The two of them also loved film… or more precisely, movies, because they mostly watched them on tape. The VHS format had recently defeated its deathly adversary, the Betamax, and a rental store for the hard-core movie aficionado had opened up near his apartment. The two of them were renting stacks of tapes and working their way through the French New Wave.

Though they lived in a tumbleweed-blown college town in the middle of the great plains they liked to pretend they were in Paris. A greasy spoon was a pale but workable substitute for a Parisian Cafe – one even had sidewalk tables for those few days where the weather wasn’t blowing ice or baking heat. They watched Godard and talked politics over meals and she cut her hair like Anna Karina.

Like all Nouvelle Vague couples they saved their important, passionate conversations for the times they were driving in the car. She named the Mustang Metal Hurlant. They would drive with the top down, sometimes slowly or sometimes sliding around the gravely corners. They would take turns driving and would imagine a camera on the hood shooting through the windshield as they talked about their dreams, argued, or the passenger would lean against the driver and they would cruise in silence.

They would take a purposeful minute of silence every now and then. “If there’s nothing to say, let’s have a minute of silence” was their motto. A minute of silence can be a long time. A real minute of silence takes forever. But they took pride in being able to pull it off.

It took some effort but they learned to dance The Madison. Never found a place in public they could show off.

There was nothing better than driving around with the top down in the twilight evening after a hot day. The convertible made its own breeze and the world was awash in magical colors once the sun set until it became too dark. They kept a little cooler of iced beer cans under the dash and would sneak sips when they knew the cops weren’t watching. Even the condensation on the curved aluminum was beautiful and delicious.

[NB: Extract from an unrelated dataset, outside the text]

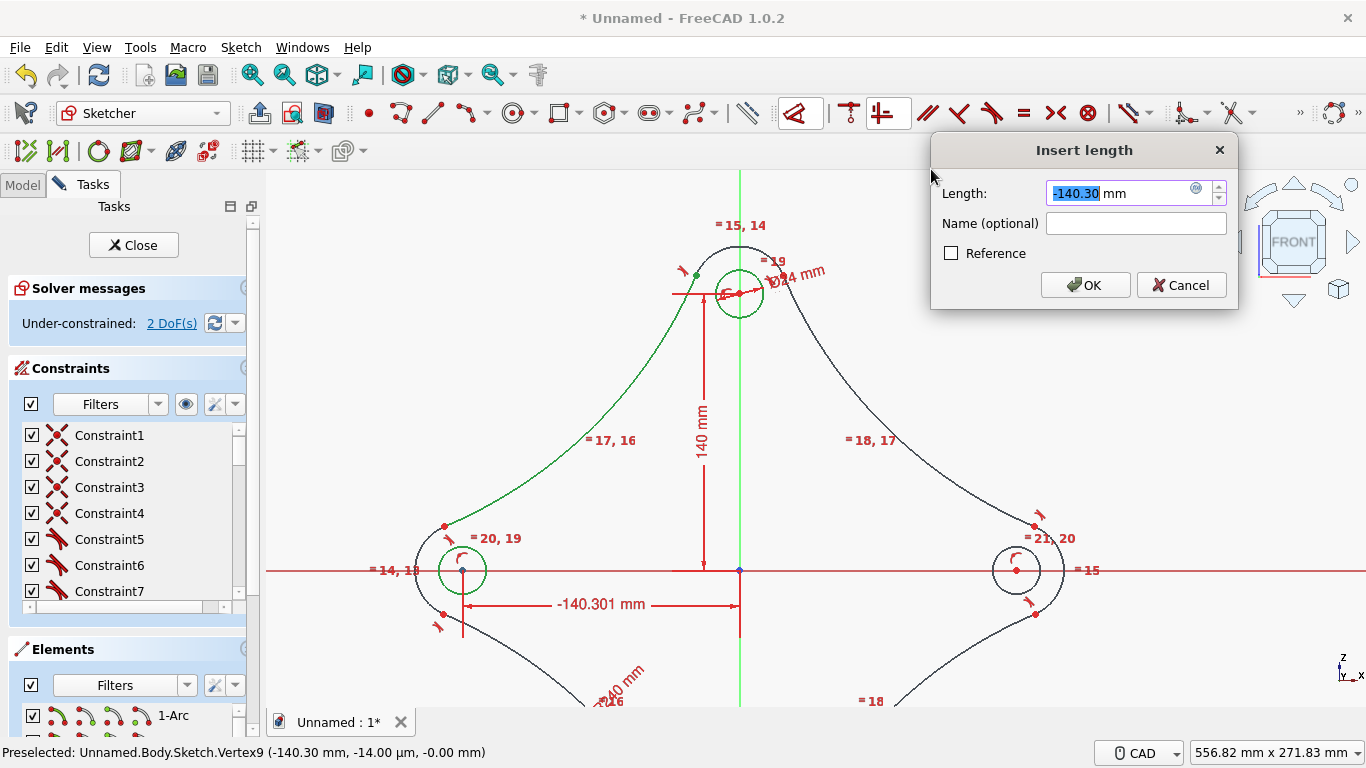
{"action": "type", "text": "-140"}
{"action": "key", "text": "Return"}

At the end of one of these perfect evenings the night crept down the sky until they had to think of something else to do.

“I know!” Armando said, “Look over there.”

It was the last drive in theater. The VHS tapes had killed the drive in – but there was one last one, hanging on, out there on the edge of town, at the end of time.

They didn’t even look to see what movie was playing, but paid their money and drove in. They were the only customers – the space vast and empty.

“At least we’ll be able to see close,” said Cecile. She drove down right to the front, with the towering white screen rising above them like a fortification. Cecile looked over the door, confused.

“Hey! Where are all the little speakers on poles?”

“Oh, those are long gone,” said Armando, “People kept stealing them. You just tune in on the radio for the sound.”

“This car doesn’t have a radio.”

They drove all the way back to the one spot, right beside the snack bar that still had a speaker. The single employee (who owned the theater and had taken their money earlier) popping corn and filling sodas could keep an eye on that one. They watched the movie on the tiny, distant screen, with nothing but space between.

Still it was nice. And sitting there in that specific instant in that vintage car with the top down watching the last drive in alone (except for the snack bar guy) in that peculiar slice of time they were happy, content and in the moment – blissful and unaware of the tumult and pandemonium that was bearing down on them… on everybody… like a tsunami of insanity – only a few short decades away.

The Senility Of Obsolescence

“Why do things get weaker and worse? Why don’t they get better? Because we accept that they fall apart! But they don’t have to — they could last forever. Why do things get more expensive? Any fool can see that they should get cheaper as technology gets more efficient. It’s despair to accept the senility of obsolescence…”
Paul Theroux, The Mosquito Coast

Recycled Books, Denton, Texas

I remember having a friend that tried to convince me to buy a Betamax.

I miss walking through the aisles of video rental store. The first ever Blockbuster Video store opened near where I lived. I remember going there and listening to some guy in a suit lecturing to a bunch of other guys in suits about how this was going to be the future. He was right… and so very, very wrong.